The subjects were from 30 to 59 years of age, and included two men and eight women. The experiment was performed with groups of two people who were mutually acquainted in the group.

The shoulder tapping action was carried out via HyperMirror. For one attention-attracting action, the HyperMirror tapped the shoulder twice. After the subject identified the experimenter, an instruction was given.

Conventionally, the presentation of information is timed so that the haptic display device is operated based on image recognition of the HyperMirror system. In the present experiment however, an experiment assistant provided auditory and haptic stimuli synchronized to the shoulder-tapping image of the experimenter.

Fig.9 Experiment. Two experimenters randomly attract attention of two subjects.

7. Results of Experiment

7.1 Work Efficiency of Main Task

To eliminate the influence of the difference among individuals, the score was standardized. And to eliminate the influence of the difficulty of each work, the score was standerdized again.

Compared with the six other conditions, the V condition (visual only) showed a significant decline in the efficiency of the main task. There were no significant differences under the other conditions (Fig.10).

Fig.10 Work efficiency. 50 score means total average.

Only visual condition (V) shows a significant difference from other six conditions (p < 5%)

7.2 Degree of Concentration on Main Task, and Related Impressions

Under the V condition, the subjects had to keep their attention constantly focused on the screen, and gave the impression that they could not concentrate on the main task. Under the other conditions, the subjects were interrupted by sound or vibration, and were able to concentrate on the main task by passively dividing their attention. Interestingly, a subject who pointed out numerous corrections to the document reported that they could not concentrate on the main task under the A condition (audio only) as well. The subjects knew they were being called just by the vibration, but identifying the calling person was troublesome.

7.3 Ease of Attracting Attention

Under the T condition (tactile only) of a short duration, the subjects lacked confidence in their determination. Under the A condition, there were cases in which the voice was too low and the subjects could not hear. There were also cases of uncertainty with respect to who was called with T+V and A+V conditions. However, it was favorable that subjects gained confidence by taking a quick look at the screen. When a subject thought they were called, the visual image was extremely useful to determine that they were in fact not called.

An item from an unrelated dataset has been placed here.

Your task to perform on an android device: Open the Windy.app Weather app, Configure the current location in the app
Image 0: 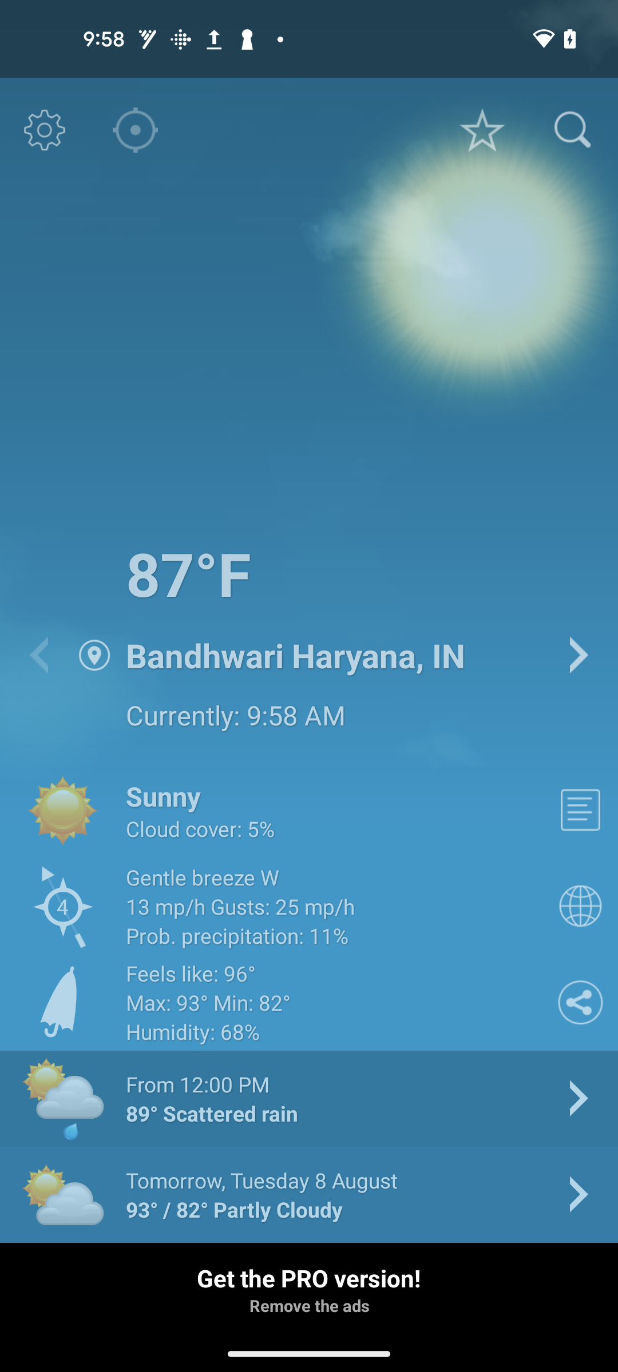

7.4 Degree of Interference With Main Task

Under the V condition, attracting the attention of others did not directly interfere with the main task; however, there was interference because the subjects had to constantly pay attention to the screen. Under the A condition, subjects expressed concern that the volume was set at a level at which they could not discriminate the name. However, the volume in the present experiment did not interfere with the main task. Under the A, T and A+T conditions (no visual image), subjects wasted time from the point when they mistakenly looked at the screen even when they were not called, until the time when they realized that in fact they were not called.

7.5 Ease of Familiarity

Although the A and V conditions were tolerated, the T condition felt unnatural, since the subjects did not know whom they were being tapped by. Under the T and A+T conditions, subjects reported that it felt unnatural when the calling person was at a distance or on the side opposite the shoulder that was vibrated. In such cases, it was felt that no vibration would be better.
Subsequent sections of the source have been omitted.